Based upon the foregoing, we conclude that the provisions of LSA-C.C.P. Art. 1235.1 were not satisfied and the record does *728 not reflect that Johnson was properly served with notice of the judgment of dismissal. We also conclude that the clerk of court failed to certify that notice of the judgment of dismissal was mailed to Johnson and the date on which such notice was mailed, pursuant to the provisions of LSA-C.C.P. Art. 1913, until August 11, 1993. Thus, the delays for applying for a new trial and for appealing from the January 14, 1993, judgment of dismissal did not begin to run until the day after the clerk's mailing of August 11, 1993. Therefore, Johnson's motion for appeal filed May 5, 1993, is considered timely filed. Accordingly, the judgment rendered by the trial court on March 25, 1994 is reversed, the motion for appeal filed May 5, 1993 is granted and the appeal is ordered expedited.

CONCLUSION

For the foregoing reasons, the judgment of the trial court is reversed and this matter is remanded to the trial court with instructions to enter an order for a devolutive appeal. The record on appeal shall include a transcript of the January 14, 1993 hearing on the exceptions, if these proceedings were recorded and/or transcribed. Once the record is lodged and appellate briefs are filed, the matter shall be placed on the next available appellate calendar. Costs of this appeal are assessed to the defendant, East Carroll Detention Center.

REVERSED AND REMANDED.

NOTES

[1] Walter Johnson v. East Carroll Detention Center, 25,593 (La.App. 2d Cir. 07/13/93).

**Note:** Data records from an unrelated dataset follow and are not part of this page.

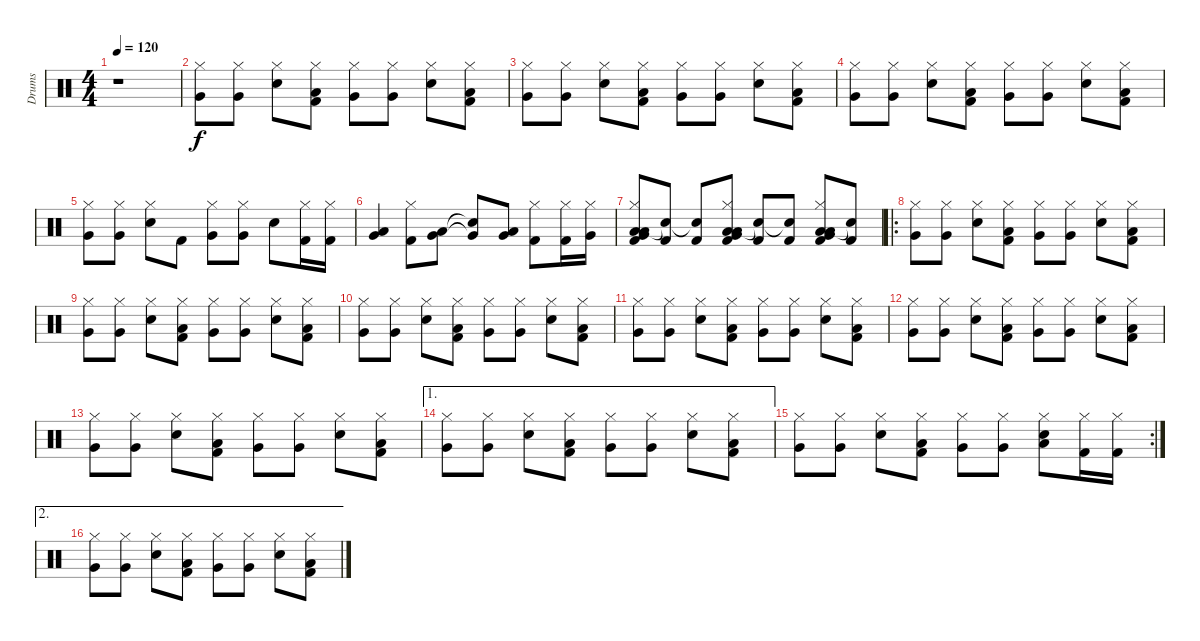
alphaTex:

\track ("Drums" "Drums") {instrument percussion}
\staff {score}
\articulation defaults
\ts (4 4)
\tempo 120
\clef neutral
\ks c
r.1{dy f} |
("Very Low Tom (hit)" "Hi-Hat (closed)").8 ("Very Low Tom (hit)" "Hi-Hat (closed)").8 ("Snare (hit) 2" "Hi-Hat (closed)").8 ("Low Floor Tom (hit)" "Kick (hit) 2" "Hi-Hat (closed)").8 ("Very Low Tom (hit)" "Hi-Hat (closed)").8 ("Very Low Tom (hit)" "Hi-Hat (closed)").8 ("Snare (hit) 2" "Hi-Hat (closed)").8 ("Low Floor Tom (hit)" "Kick (hit) 2" "Hi-Hat (closed)").8 |
("Very Low Tom (hit)" "Hi-Hat (closed)").8 ("Very Low Tom (hit)" "Hi-Hat (closed)").8 ("Snare (hit) 2" "Hi-Hat (closed)").8 ("Low Floor Tom (hit)" "Kick (hit) 2" "Hi-Hat (closed)").8 ("Very Low Tom (hit)" "Hi-Hat (closed)").8 ("Very Low Tom (hit)" "Hi-Hat (closed)").8 ("Snare (hit) 2" "Hi-Hat (closed)").8 ("Low Floor Tom (hit)" "Kick (hit) 2" "Hi-Hat (closed)").8 |
("Very Low Tom (hit)" "Hi-Hat (closed)").8 ("Very Low Tom (hit)" "Hi-Hat (closed)").8 ("Snare (hit) 2" "Hi-Hat (closed)").8 ("Low Floor Tom (hit)" "Kick (hit) 2" "Hi-Hat (closed)").8 ("Very Low Tom (hit)" "Hi-Hat (closed)").8 ("Very Low Tom (hit)" "Hi-Hat (closed)").8 ("Snare (hit) 2" "Hi-Hat (closed)").8 ("Low Floor Tom (hit)" "Kick (hit) 2" "Hi-Hat (closed)").8 |
("Very Low Tom (hit)" "Hi-Hat (closed)").8 ("Very Low Tom (hit)" "Hi-Hat (closed)").8 ("Snare (hit) 2" "Hi-Hat (closed)").8 "Kick (hit) 2".8 ("Very Low Tom (hit)" "Hi-Hat (closed)").8 ("Very Low Tom (hit)" "Hi-Hat (closed)").8 "Snare (hit) 2".8 ("Kick (hit) 2" "Hi-Hat (closed)").16 ("Kick (hit) 2" "Hi-Hat (closed)").16 |
("Low Floor Tom (hit)" "Very Low Tom (hit)").4 ("Kick (hit) 2" "Hi-Hat (closed)").8 ("Low Floor Tom (hit)" "Very Low Tom (hit)").8 ("Snare (hit)"{t} "Very Low Tom (hit)"{t}).8 ("Low Floor Tom (hit)" "Very Low Tom (hit)").8 ("Kick (hit) 2" "Hi-Hat (closed)").8 ("Kick (hit) 2" "Hi-Hat (closed)").16 ("Very Low Tom (hit)" "Hi-Hat (closed)").16 |
("Low Floor Tom (hit)" "Low Tom (hit)" "Kick (hit) 2" "Very Low Tom (hit)" "Hi-Hat (closed)").8 ("Kick (hit) 2" "Snare (hit)"{t}).8 ("Kick (hit) 2" "Snare (hit)"{t}).8 ("Low Floor Tom (hit)" "Low Tom (hit)" "Kick (hit) 2" "Very Low Tom (hit)" "Hi-Hat (closed)").8 ("Kick (hit) 2" "Snare (hit)"{t}).8 ("Kick (hit) 2" "Snare (hit)"{t}).8 ("Low Floor Tom (hit)" "Low Tom (hit)" "Kick (hit) 2" "Very Low Tom (hit)" "Hi-Hat (closed)").8 ("Kick (hit) 2" "Snare (hit)"{t}).8 |
\ro
("Very Low Tom (hit)" "Hi-Hat (closed)").8 ("Very Low Tom (hit)" "Hi-Hat (closed)").8 ("Snare (hit) 2" "Hi-Hat (closed)").8 ("Low Floor Tom (hit)" "Kick (hit) 2" "Hi-Hat (closed)").8 ("Very Low Tom (hit)" "Hi-Hat (closed)").8 ("Very Low Tom (hit)" "Hi-Hat (closed)").8 ("Snare (hit) 2" "Hi-Hat (closed)").8 ("Low Floor Tom (hit)" "Kick (hit) 2" "Hi-Hat (closed)").8 |
("Very Low Tom (hit)" "Hi-Hat (closed)").8 ("Very Low Tom (hit)" "Hi-Hat (closed)").8 ("Snare (hit) 2" "Hi-Hat (closed)").8 ("Low Floor Tom (hit)" "Kick (hit) 2" "Hi-Hat (closed)").8 ("Very Low Tom (hit)" "Hi-Hat (closed)").8 ("Very Low Tom (hit)" "Hi-Hat (closed)").8 ("Snare (hit) 2" "Hi-Hat (closed)").8 ("Low Floor Tom (hit)" "Kick (hit) 2" "Hi-Hat (closed)").8 |
("Very Low Tom (hit)" "Hi-Hat (closed)").8 ("Very Low Tom (hit)" "Hi-Hat (closed)").8 ("Snare (hit) 2" "Hi-Hat (closed)").8 ("Low Floor Tom (hit)" "Kick (hit) 2" "Hi-Hat (closed)").8 ("Very Low Tom (hit)" "Hi-Hat (closed)").8 ("Very Low Tom (hit)" "Hi-Hat (closed)").8 ("Snare (hit) 2" "Hi-Hat (closed)").8 ("Low Floor Tom (hit)" "Kick (hit) 2" "Hi-Hat (closed)").8 |
("Very Low Tom (hit)" "Hi-Hat (closed)").8 ("Very Low Tom (hit)" "Hi-Hat (closed)").8 ("Snare (hit) 2" "Hi-Hat (closed)").8 ("Low Floor Tom (hit)" "Kick (hit) 2" "Hi-Hat (closed)").8 ("Very Low Tom (hit)" "Hi-Hat (closed)").8 ("Very Low Tom (hit)" "Hi-Hat (closed)").8 ("Snare (hit) 2" "Hi-Hat (closed)").8 ("Low Floor Tom (hit)" "Kick (hit) 2" "Hi-Hat (closed)").8 |
("Very Low Tom (hit)" "Hi-Hat (closed)").8 ("Very Low Tom (hit)" "Hi-Hat (closed)").8 ("Snare (hit) 2" "Hi-Hat (closed)").8 ("Low Floor Tom (hit)" "Kick (hit) 2" "Hi-Hat (closed)").8 ("Very Low Tom (hit)" "Hi-Hat (closed)").8 ("Very Low Tom (hit)" "Hi-Hat (closed)").8 ("Snare (hit) 2" "Hi-Hat (closed)").8 ("Low Floor Tom (hit)" "Kick (hit) 2" "Hi-Hat (closed)").8 |
("Very Low Tom (hit)" "Hi-Hat (closed)").8 ("Very Low Tom (hit)" "Hi-Hat (closed)").8 ("Snare (hit) 2" "Hi-Hat (closed)").8 ("Low Floor Tom (hit)" "Kick (hit) 2" "Hi-Hat (closed)").8 ("Very Low Tom (hit)" "Hi-Hat (closed)").8 ("Very Low Tom (hit)" "Hi-Hat (closed)").8 ("Snare (hit) 2" "Hi-Hat (closed)").8 ("Low Floor Tom (hit)" "Kick (hit) 2" "Hi-Hat (closed)").8 |
\ae 1
("Very Low Tom (hit)" "Hi-Hat (closed)").8 ("Very Low Tom (hit)" "Hi-Hat (closed)").8 ("Snare (hit) 2" "Hi-Hat (closed)").8 ("Low Floor Tom (hit)" "Kick (hit) 2" "Hi-Hat (closed)").8 ("Very Low Tom (hit)" "Hi-Hat (closed)").8 ("Very Low Tom (hit)" "Hi-Hat (closed)").8 ("Snare (hit) 2" "Hi-Hat (closed)").8 ("Low Floor Tom (hit)" "Kick (hit) 2" "Hi-Hat (closed)").8 |
\rc 2
("Very Low Tom (hit)" "Hi-Hat (closed)").8 ("Very Low Tom (hit)" "Hi-Hat (closed)").8 ("Snare (hit) 2" "Hi-Hat (closed)").8 ("Low Floor Tom (hit)" "Kick (hit) 2" "Hi-Hat (closed)").8 ("Very Low Tom (hit)" "Hi-Hat (closed)").8 ("Very Low Tom (hit)" "Hi-Hat (closed)").8 ("Low Floor Tom (hit)" "Snare (hit) 2" "Hi-Hat (closed)").8 ("Kick (hit) 2" "Hi-Hat (closed)").16 ("Kick (hit) 2" "Hi-Hat (closed)").16 |
\ae 2
("Very Low Tom (hit)" "Hi-Hat (closed)").8 ("Very Low Tom (hit)" "Hi-Hat (closed)").8 ("Snare (hit) 2" "Hi-Hat (closed)").8 ("Low Floor Tom (hit)" "Kick (hit) 2" "Hi-Hat (closed)").8 ("Very Low Tom (hit)" "Hi-Hat (closed)").8 ("Very Low Tom (hit)" "Hi-Hat (closed)").8 ("Snare (hit) 2" "Hi-Hat (closed)").8 ("Low Floor Tom (hit)" "Kick (hit) 2" "Hi-Hat (closed)").8

[2] Johnson also contends that the trial court erred in dismissing his petition without allowing him an opportunity to amend to cure any errors raised by peremptory exceptions and further erred in denying his motion to amend his petition. However, we do not reach these arguments as they are not properly before this court on this appeal.

[3] The sole certificate in the record is one dated August 11, 1993, indicating that a certified copy of the judgment of dismissal rendered January 14, 1993 and signed January 20, 1993, was mailed to Johnson on or about March 9, 1993, and again on August 11, 1993. The certificate apparently refers to the copy mailed by the judge's office in March 1993. Thus, the clerk of court did not comply with the requirements of LSA-C.C.P. Art. 1913 until August 11, 1993, more than three months after Johnson's May 5, 1993 motion for appeal was denied as untimely.

[4] We note that if the March 9, 1993 mailing were considered proper service, triggering the running of new trial and appeal delays, Johnson's May 5, 1993 motion for appeal would be timely.

[5] Subsequent to the hearing, defense counsel filed two affidavits into the record. These affidavits indicate that Johnson was served with the order setting the date of the hearing on exceptions and the order setting the date of the hearing on the sufficiency of service. Both affidavits comply with LSA-C.C.P. Art. 1235.1 by stating that the affiant is designated by the warden to serve court papers, documents, and notices on inmates, the affiant personally served the document on Johnson, and the date on which such service was made. Additionally, each affidavit includes exhibits showing the document served and a receipt signed by Johnson.

Although these affidavits indicate that Johnson was properly served in these instances, they are immaterial to the determination of whether notice of the judgment of dismissal was properly served on Johnson. Furthermore, the presence of these affidavits in the record makes such evidence of proper service of the judgment of dismissal conspicuous in its absence.